• Work request
Of all the lines below, output only those starting at the one with "- rack shelf <box>914,461,997,520</box>" and ending at the one with "- pillar with", both ends included, exactly as written.

Stored data entries:
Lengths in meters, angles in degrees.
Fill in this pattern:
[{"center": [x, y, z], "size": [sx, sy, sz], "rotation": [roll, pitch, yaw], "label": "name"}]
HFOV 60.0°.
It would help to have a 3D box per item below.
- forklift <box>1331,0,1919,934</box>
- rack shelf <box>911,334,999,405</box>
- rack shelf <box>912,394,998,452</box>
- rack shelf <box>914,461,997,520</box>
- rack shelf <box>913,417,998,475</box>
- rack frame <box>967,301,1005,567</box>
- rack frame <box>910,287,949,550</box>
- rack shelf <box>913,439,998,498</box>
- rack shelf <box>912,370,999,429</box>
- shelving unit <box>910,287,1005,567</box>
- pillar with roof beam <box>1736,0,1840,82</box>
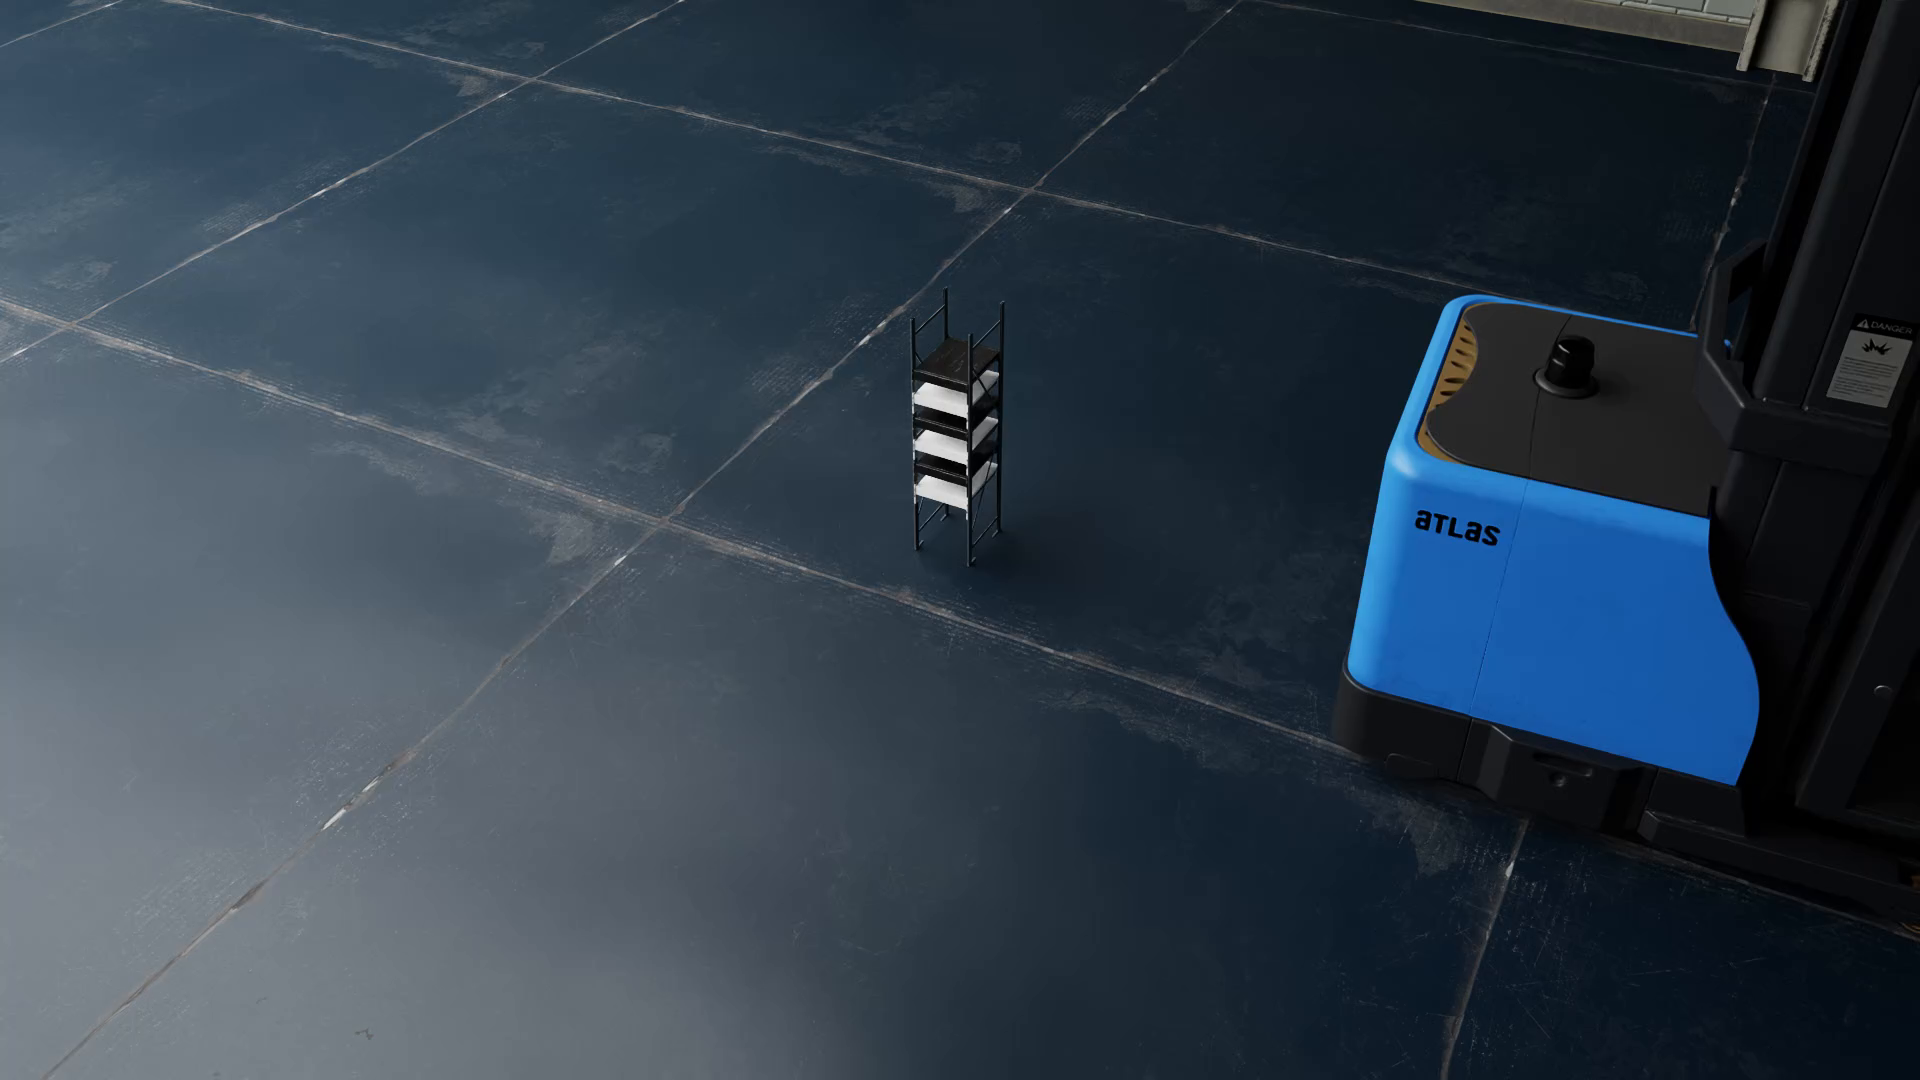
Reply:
[{"center": [2.659, -0.447, 3.915], "size": [3.031, 2.935, 1.130], "rotation": [14, 40, 18], "label": "forklift"}, {"center": [-0.007, -0.549, 5.338], "size": [0.200, 0.077, 0.258], "rotation": [17, 41, 21], "label": "rack shelf"}, {"center": [-0.007, -0.406, 5.447], "size": [0.200, 0.077, 0.258], "rotation": [17, 41, 21], "label": "rack shelf"}, {"center": [-0.007, -0.191, 5.610], "size": [0.200, 0.077, 0.258], "rotation": [17, 41, 21], "label": "rack shelf"}, {"center": [-0.007, -0.334, 5.501], "size": [0.200, 0.077, 0.258], "rotation": [17, 41, 21], "label": "rack shelf"}, {"center": [0.083, -0.332, 5.444], "size": [0.006, 0.900, 0.240], "rotation": [17, 41, 21], "label": "rack frame"}, {"center": [-0.097, -0.389, 5.518], "size": [0.006, 0.900, 0.240], "rotation": [17, 41, 21], "label": "rack frame"}, {"center": [-0.007, -0.262, 5.555], "size": [0.200, 0.077, 0.258], "rotation": [17, 41, 21], "label": "rack shelf"}, {"center": [-0.007, -0.478, 5.392], "size": [0.200, 0.077, 0.258], "rotation": [17, 41, 21], "label": "rack shelf"}, {"center": [-0.007, -0.361, 5.481], "size": [0.210, 0.900, 0.258], "rotation": [17, 41, 21], "label": "shelving unit"}, {"center": [2.545, -3.894, 3.437], "size": [0.400, 9.000, 9.100], "rotation": [17, 41, 21], "label": "pillar with roof beam"}]

• Written answer
- rack shelf <box>914,461,997,520</box>
- rack shelf <box>913,417,998,475</box>
- rack frame <box>967,301,1005,567</box>
- rack frame <box>910,287,949,550</box>
- rack shelf <box>913,439,998,498</box>
- rack shelf <box>912,370,999,429</box>
- shelving unit <box>910,287,1005,567</box>
- pillar with roof beam <box>1736,0,1840,82</box>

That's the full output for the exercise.